PlanarBiaxialExtension and LayeredPlanarBiaxial

We consider a planar tissue sample in the \(xy\) plane (i.e., the third coordinate direction is along the small tissue thickness). The sample has reference dimensions \(L_{10}\), \(L_{20}\), and \(t\) along the coordinates 1, 2, and 3, respectively. Furthermore, we assume that the material is incompressible. Thus, the deformation gradient is:

\[\mathbf{F} = \mathop{\mathrm{diag}}\left[\lambda_1,\lambda_2,\frac{1}{\lambda_1\lambda_2}\right].\]

The first two directions are in the tissue’s plane, and the third direction stress will be zero. Hence, we can calculate the Lagrange multiplier \(p\) by equating \(\sigma_{33}=0\).

If \(\boldsymbol{M}=\left[\cos(\theta),\sin(\theta),0 \right]\) lies in 1-2 plane (i.e., planar), then the third term does not produce stress in the third direction. However, it may produce shear stress in 1-2 plane (if the fibers are not symmetric about the first axis). The shear stress components are neglected when returning the force measure, which can be either the first two diagonal components of the stress tensor (Cauchy, 1st PK, or 2nd PK), membrane tension in the two directions (calculated as \(P_{11}t\) and \(P_{22}t\)), or forces in the two directions (calculated as \(P_{11}L_{20}t\) and \(P_{22}L_{10}t\)).

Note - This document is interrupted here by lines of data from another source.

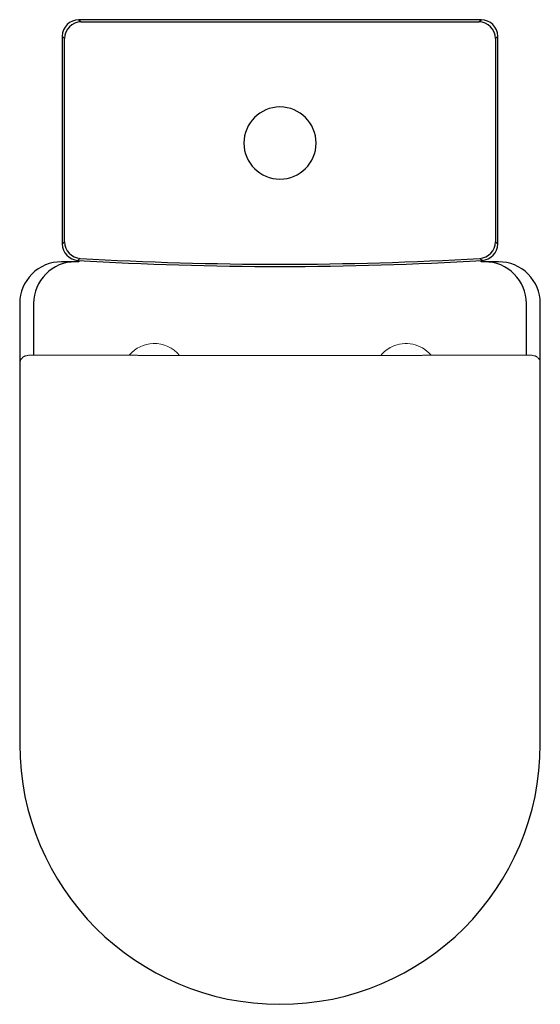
# Model space of a CAD drawing. Header units: millimetres. Extents: x 1644.761 to 1645.136, y 488.864 to 489.573.
import ezdxf

# ---------------------------------------------------------------- set-up
doc = ezdxf.new("R2010")
doc.units = ezdxf.units.MM
doc.layers.add('SANINDUSA', color=3, linetype='Continuous')

msp = doc.modelspace()

# ---------------------------------------------------------------- linework, layer by layer
at = {"layer": 'SANINDUSA'}
for p, q in [((1644.80333, 489.57302), (1644.80492, 489.57142)), ((1645.09296, 489.57302), (1644.80333, 489.57302)), ((1644.80333, 489.57302), (1644.80333, 489.57302)), ((1644.80492, 489.57142), (1645.09136, 489.57142)), ((1645.09136, 489.57142), (1645.09296, 489.57302)), ((1644.79294, 489.55944), (1644.79134, 489.56103)), ((1644.79134, 489.56103), (1644.79134, 489.41149)), ((1644.79134, 489.56103), (1644.79134, 489.56103)), ((1644.79294, 489.41299), (1644.79294, 489.55944)), ((1645.10494, 489.56103), (1645.10334, 489.55944)), ((1645.10334, 489.55944), (1645.10334, 489.41299)), ((1645.10494, 489.41149), (1645.10494, 489.56103)), ((1645.10494, 489.56103), (1645.10495, 489.56103))]:
    msp.add_line(p, q, dxfattribs=at)
at = {"layer": 'SANINDUSA', "linetype": 'Continuous', "lineweight": 15}
for p, q in [((1644.76493, 489.33078), (1644.76468, 489.33077)), ((1644.7656, 489.33093), (1644.76493, 489.33078)), ((1644.76979, 489.33137), (1644.76752, 489.33124)), ((1644.77758, 489.3314), (1644.84435, 489.3314)), ((1645.11893, 489.3314), (1645.05217, 489.3314)), ((1645.12817, 489.33132), (1645.12673, 489.33137)), ((1645.12817, 489.33132), (1645.12899, 489.33124)), ((1645.13091, 489.33093), (1645.13159, 489.33078)), ((1645.13159, 489.33078), (1645.13184, 489.33077))]:
    msp.add_line(p, q, dxfattribs=at)
at = {"layer": 'SANINDUSA', "flags": 128}
for points in [[(1644.79134, 489.41149), (1644.79233, 489.41242), (1644.79294, 489.41299)], [(1645.10334, 489.41299), (1645.10396, 489.41242), (1645.10494, 489.41149)], [(1644.80422, 489.40103), (1644.80356, 489.40041), (1644.80262, 489.39953)], [(1645.09367, 489.39953), (1645.09257, 489.40055), (1645.09206, 489.40103)]]:
    msp.add_lwpolyline(points, dxfattribs=at)
at = {"layer": 'SANINDUSA'}
for points in [[(1644.80314, 489.39949), (1644.80314, 489.39857), (1644.79064, 489.39857, 0.414214), (1644.76064, 489.36857), (1644.76064, 489.05107, 1), (1645.13564, 489.05107), (1645.13564, 489.36857, 0.414214), (1645.10564, 489.39857), (1645.09314, 489.39857), (1645.09314, 489.39949)], [(1644.80064, 489.39857, 0.414214), (1644.77064, 489.36857), (1644.77064, 489.33138)], [(1645.12564, 489.33138), (1645.12564, 489.36857, 0.414214), (1645.09564, 489.39857)]]:
    msp.add_lwpolyline(points, format="xyb", dxfattribs=at)
at = {"layer": 'SANINDUSA', "extrusion": (9.71445e-17, 3.47169e-15, -1)}
msp.add_circle((-1644.94814, 489.48412), 0.026, dxfattribs=at)
at = {"layer": 'SANINDUSA'}
for centre, radius, start, end in [((1644.80496, 489.5594), 0.01202, 90.18917, 179.8108), ((1645.09132, 489.5594), 0.01202, 0.1892, 89.8108), ((1644.80333, 489.41149), 0.01199, 180.02335, 266.59374), ((1644.80496, 489.41303), 0.01202, 180.17536, 266.47685), ((1645.09132, 489.41303), 0.01202, 273.52311, 359.82465), ((1645.09295, 489.41149), 0.01199, 273.40613, 359.97674), ((1644.94814, 491.86136), 2.46614, 266.61709, 273.38291), ((1644.94814, 491.86136), 2.46454, 266.65226, 273.34774)]:
    msp.add_arc(centre, radius, start, end, dxfattribs=at)
at = {"layer": 'SANINDUSA', "linetype": 'Continuous', "lineweight": 15}
for centre, start, end in [((1644.85759, 489.31621), 91.73338, 139.39766), ((1644.85759, 489.31621), 39.01562, 91.73338), ((1645.03893, 489.31621), 40.60349, 115.62847), ((1645.03893, 489.31621), 115.62847, 140.79682)]:
    msp.add_arc(centre, 0.0235, start, end, dxfattribs=at)
at = {"layer": 'SANINDUSA'}
for centre, major_axis, start_param, end_param in [((1644.80335, 489.56101), (0.0085, -0.0085), 2.357564, 3.925621), ((1645.09293, 489.56101), (0.0085, 0.0085), 5.499157, 7.067214)]:
    msp.add_ellipse(centre, major_axis=major_axis, ratio=0.998629, start_param=start_param, end_param=end_param, dxfattribs=at)
at = {"layer": 'SANINDUSA', "linetype": 'Continuous', "lineweight": 15}
for centre, major_axis, start_param, end_param in [((1644.7669, 489.32526), (0.00602, -0.00006), 2.439533, 3.150741), ((1645.12962, 489.32526), (0.00602, 0.00006), 6.274037, 6.985245)]:
    msp.add_ellipse(centre, major_axis=major_axis, ratio=0.996219, start_param=start_param, end_param=end_param, dxfattribs=at)
for points, knots in [([(1644.76468, 489.33077), (1644.76463, 489.33076), (1644.76454, 489.33073), (1644.76413, 489.33056), (1644.7636, 489.33027), (1644.76295, 489.32983), (1644.76256, 489.32941), (1644.76234, 489.32918)], [0, 0, 0, 0, 0.1689443, 0.345279, 0.5332337, 0.7394409, 1, 1, 1, 1]), ([(1644.76752, 489.33124), (1644.76746, 489.33123), (1644.76716, 489.3312), (1644.76666, 489.33116), (1644.76596, 489.331), (1644.7656, 489.33093)], [0, 0, 0, 0, 0.117477, 0.557898, 1, 1, 1, 1]), ([(1644.76979, 489.33137), (1644.76997, 489.33137), (1644.77034, 489.33138), (1644.77196, 489.33139), (1644.77418, 489.33139), (1644.77618, 489.33139), (1644.77733, 489.3314), (1644.77758, 489.3314)], [0, 0, 0, 0, 0.2335, 0.467, 0.700501, 0.934001, 1, 1, 1, 1]), ([(1644.84765, 489.33099), (1644.84764, 489.33099), (1644.84737, 489.33098), (1644.84679, 489.33104), (1644.84596, 489.33118), (1644.84519, 489.33133), (1644.84466, 489.3314), (1644.84439, 489.3314), (1644.84435, 489.3314)], [0, 0, 0, 0, 0.007938, 0.20538, 0.433008, 0.719877, 0.946252, 1, 1, 1, 1]), ([(1644.94826, 489.331), (1644.94185, 489.331), (1644.92368, 489.331), (1644.89222, 489.33099), (1644.8651, 489.33099), (1644.84973, 489.33099), (1644.84765, 489.33099)], [0, 0, 0, 0, 0.1909797, 0.5418712, 0.9379603, 1, 1, 1, 1]), ([(1645.04886, 489.33099), (1645.04236, 489.33099), (1645.02266, 489.33099), (1644.99127, 489.33099), (1644.96424, 489.331), (1644.9504, 489.331), (1644.94826, 489.331)], [0, 0, 0, 0, 0.1940628, 0.5873701, 0.9361462, 1, 1, 1, 1]), ([(1645.05216, 489.3314), (1645.05207, 489.3314), (1645.05168, 489.33139), (1645.05101, 489.33127), (1645.05011, 489.3311), (1645.04939, 489.33099), (1645.04898, 489.331), (1645.04886, 489.331)], [0, 0, 0, 0, 0.088238, 0.424275, 0.698247, 0.911091, 1, 1, 1, 1]), ([(1645.12673, 489.33137), (1645.12654, 489.33137), (1645.12618, 489.33138), (1645.12455, 489.33139), (1645.12234, 489.33139), (1645.12033, 489.33139), (1645.11919, 489.3314), (1645.11893, 489.3314)], [0, 0, 0, 0, 0.2335, 0.467, 0.700501, 0.934001, 1, 1, 1, 1]), ([(1645.12899, 489.33124), (1645.12906, 489.33123), (1645.12935, 489.3312), (1645.12986, 489.33116), (1645.13056, 489.331), (1645.13091, 489.33093)], [0, 0, 0, 0, 0.117477, 0.557898, 1, 1, 1, 1]), ([(1645.13184, 489.33077), (1645.13188, 489.33076), (1645.13197, 489.33073), (1645.13239, 489.33056), (1645.13292, 489.33027), (1645.13356, 489.32983), (1645.13396, 489.32941), (1645.13418, 489.32918)], [0, 0, 0, 0, 0.168944, 0.345279, 0.533234, 0.739441, 1, 1, 1, 1])]:
    msp.add_open_spline(points, degree=3, knots=knots, dxfattribs=at)

doc.saveas('drawing.dxf')

From the two stretches, other deformation metrics can be calculated. Deformed length \(l_\alpha=\lambda_\alpha L_{\alpha0}\), change in length \(\Delta l_\alpha = (\lambda_\alpha-1)L_{l_\alpha 0}\), and strain \(\epsilon_\alpha = (\lambda_\alpha-1)\). Given deformation (in terms of stretch/change in length, strain, or deformed length), the force measure can be calculated using SampleExperiment.disp_controlled() function. Conversely, given stress or force, any of the deformation metric are solved iteratively via SampleExperiment.force_controlled() function.

PlanarBiaxialExtension samples can be “layered” via LayeredPlanarBiaxial. Such a setup can be used for representing, for example, tissues that have multiple layers with different material models and possibly even different reference lengths. The result would be that there is no zero stress state for the layered sample. One has to be careful with the inputs and outputs of the layered samples though. It is required to use lengths (rather than stretches or strains) as the deformation metric. Similarly, the force measure should not be stresses since the stresses would not simply add up (instead they would be weighted by each layer’s thickness).